What is needed is the full set of records, word for word, with no pictures.

■ ■ ■ ■ ■ ■ ■

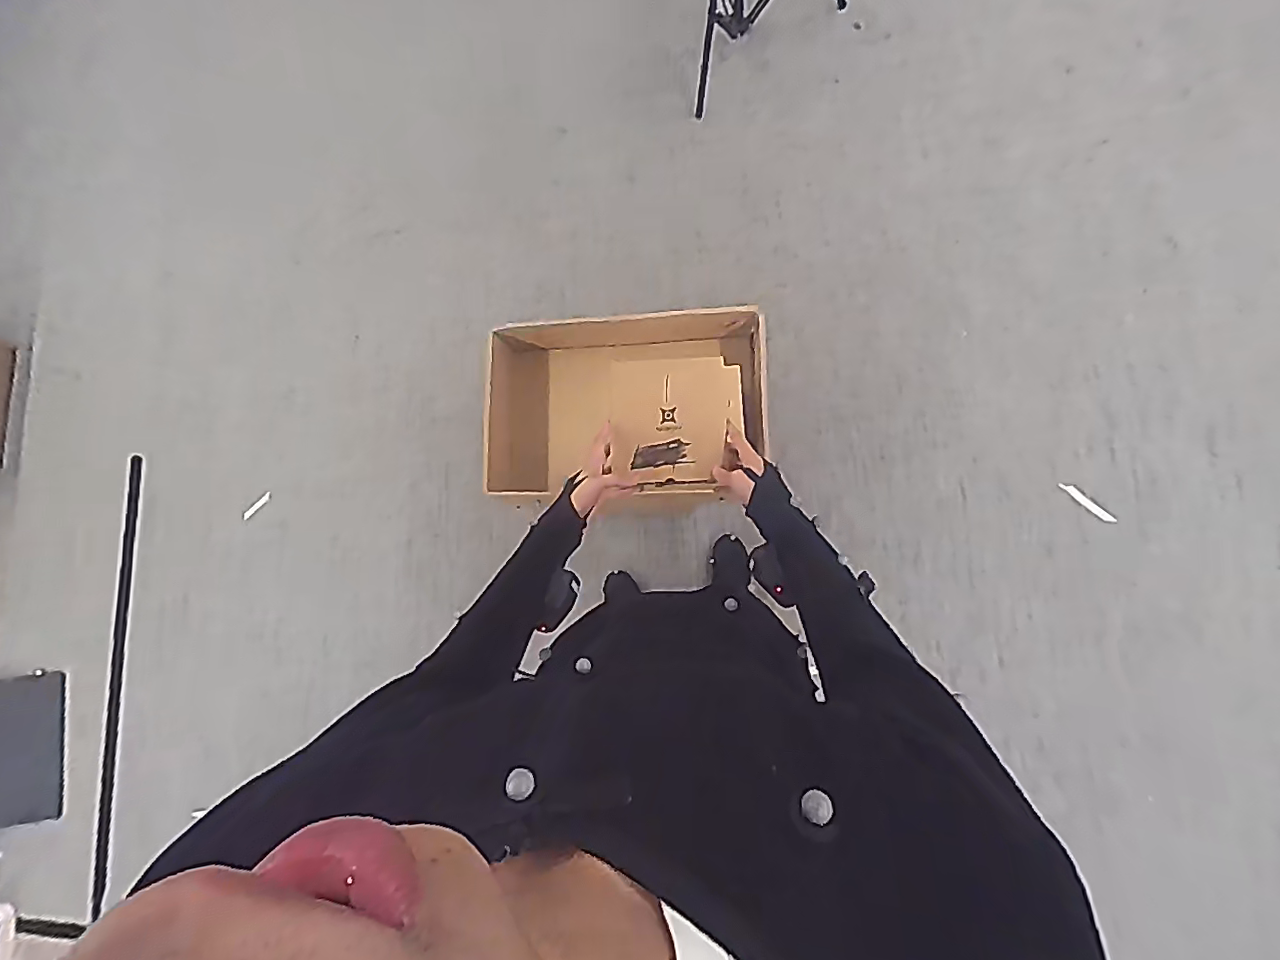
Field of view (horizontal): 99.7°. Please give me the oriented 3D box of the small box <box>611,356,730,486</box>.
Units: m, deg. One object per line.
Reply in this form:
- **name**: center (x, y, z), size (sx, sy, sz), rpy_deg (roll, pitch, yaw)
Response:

■ ■ ■ ■ ■ ■ ■

* _REPLY_:
Field of view (horizontal): 99.7°. Please give me the oriented 3D box of the small box <box>611,356,730,486</box>.
Units: m, deg. One object per line.
Reply in this form:
- **name**: center (x, y, z), size (sx, sy, sz), rpy_deg (roll, pitch, yaw)
Response:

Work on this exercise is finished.